### [WHAT THE TASK REQUIRES]
From the line with "Assignment: 3D bounding" to the final line, print the records exactly as they are.

### [INPUT DATA]
Start of Block

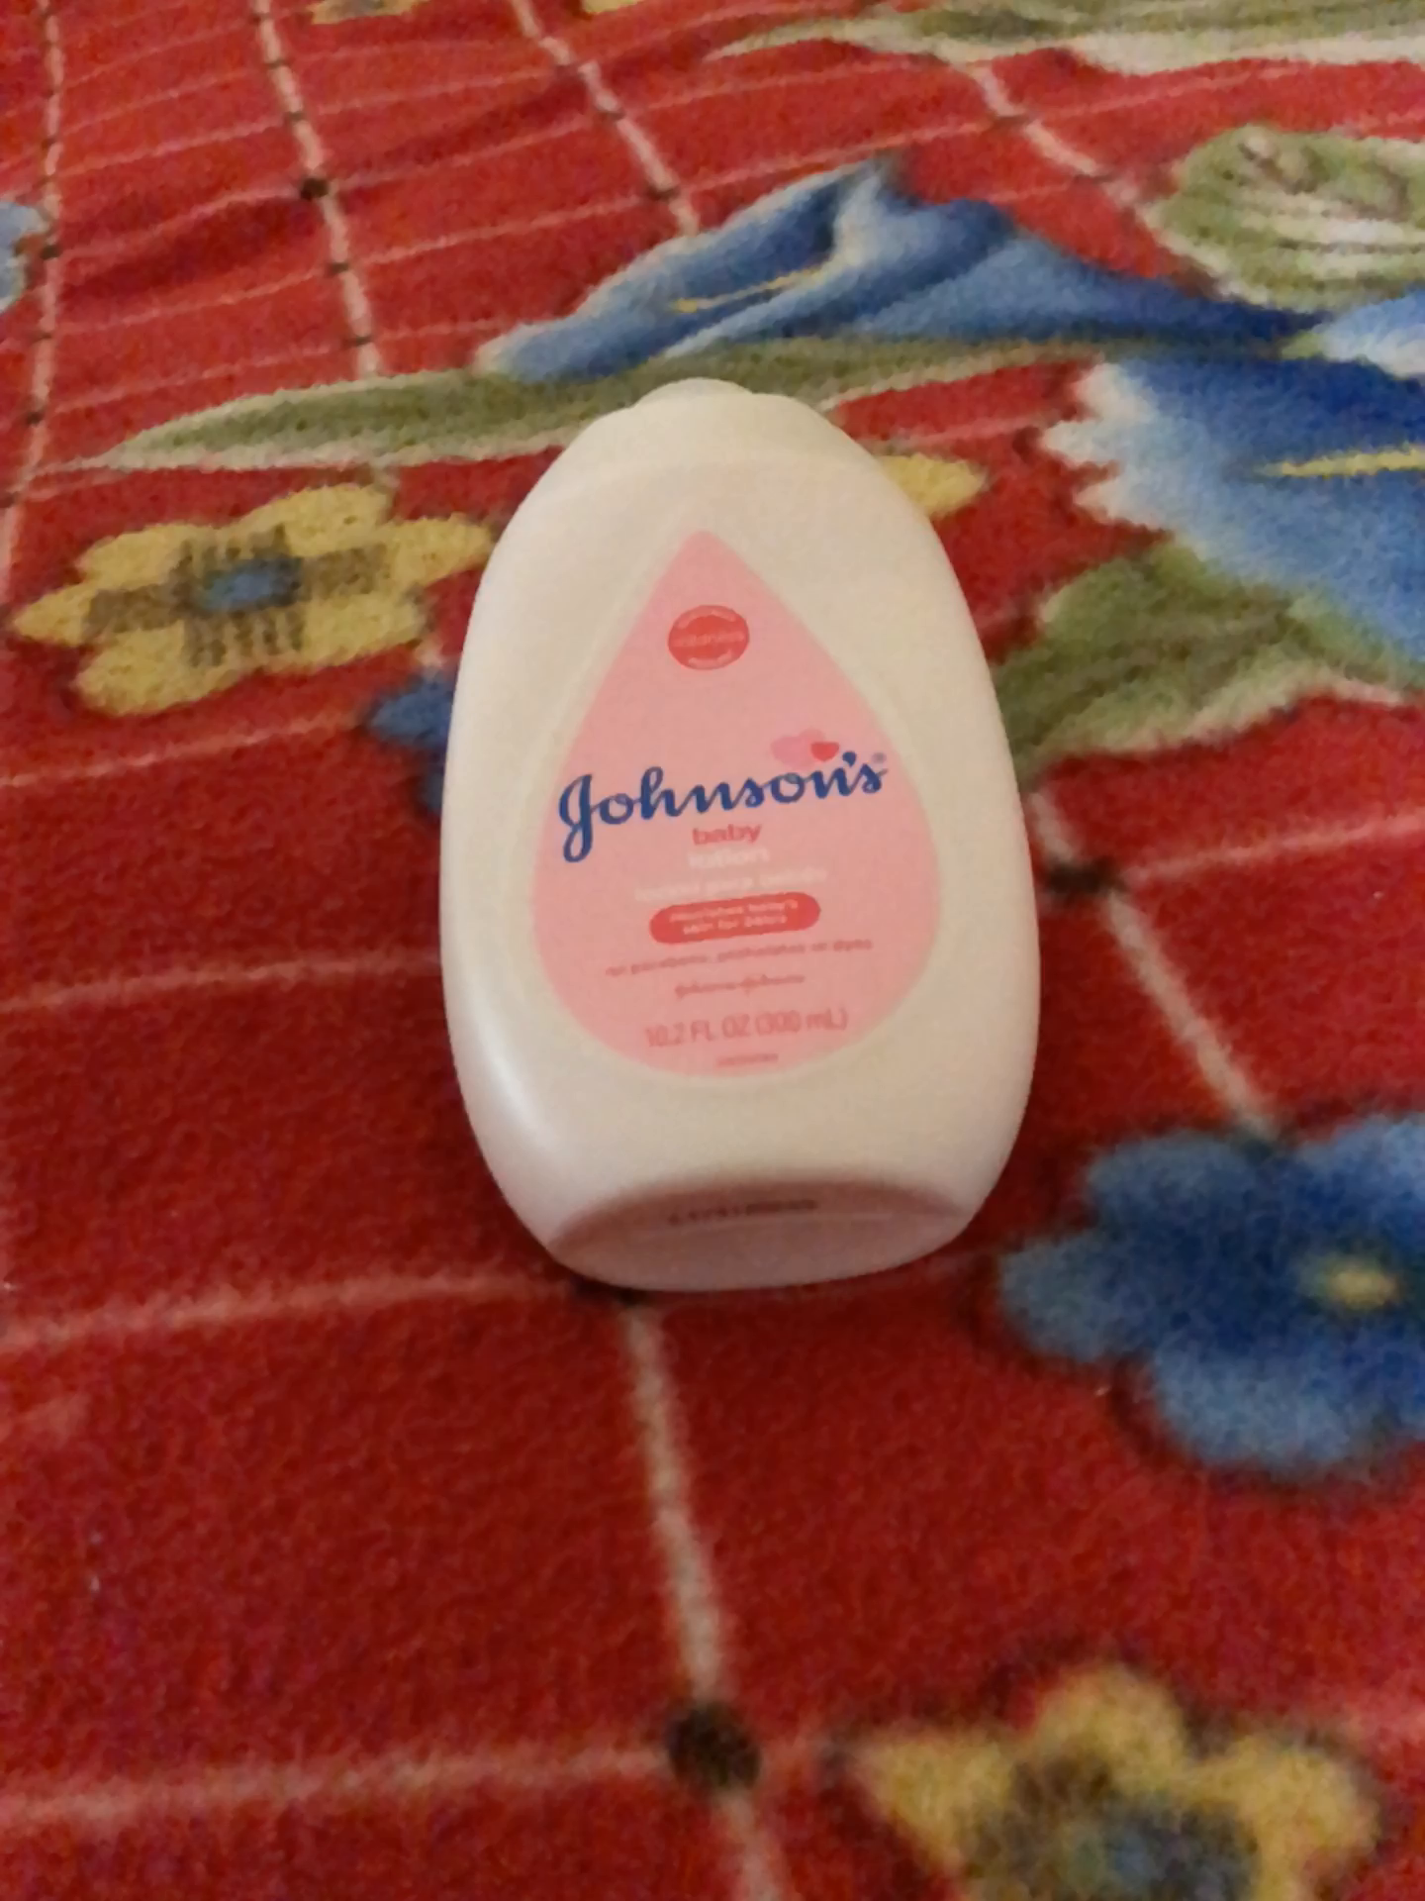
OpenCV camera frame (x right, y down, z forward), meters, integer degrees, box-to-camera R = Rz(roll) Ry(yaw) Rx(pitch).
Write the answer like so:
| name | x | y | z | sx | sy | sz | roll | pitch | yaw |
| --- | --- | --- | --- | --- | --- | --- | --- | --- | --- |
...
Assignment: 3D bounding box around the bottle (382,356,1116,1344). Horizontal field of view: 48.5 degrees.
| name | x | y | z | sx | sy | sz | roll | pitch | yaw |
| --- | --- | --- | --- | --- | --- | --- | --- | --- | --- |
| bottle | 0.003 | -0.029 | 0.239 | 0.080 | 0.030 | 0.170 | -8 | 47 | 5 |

End of Block

### [ANSWER SECTION]
Assignment: 3D bounding box around the bottle (382,356,1116,1344). Horizontal field of view: 48.5 degrees.
| name | x | y | z | sx | sy | sz | roll | pitch | yaw |
| --- | --- | --- | --- | --- | --- | --- | --- | --- | --- |
| bottle | 0.003 | -0.029 | 0.239 | 0.080 | 0.030 | 0.170 | -8 | 47 | 5 |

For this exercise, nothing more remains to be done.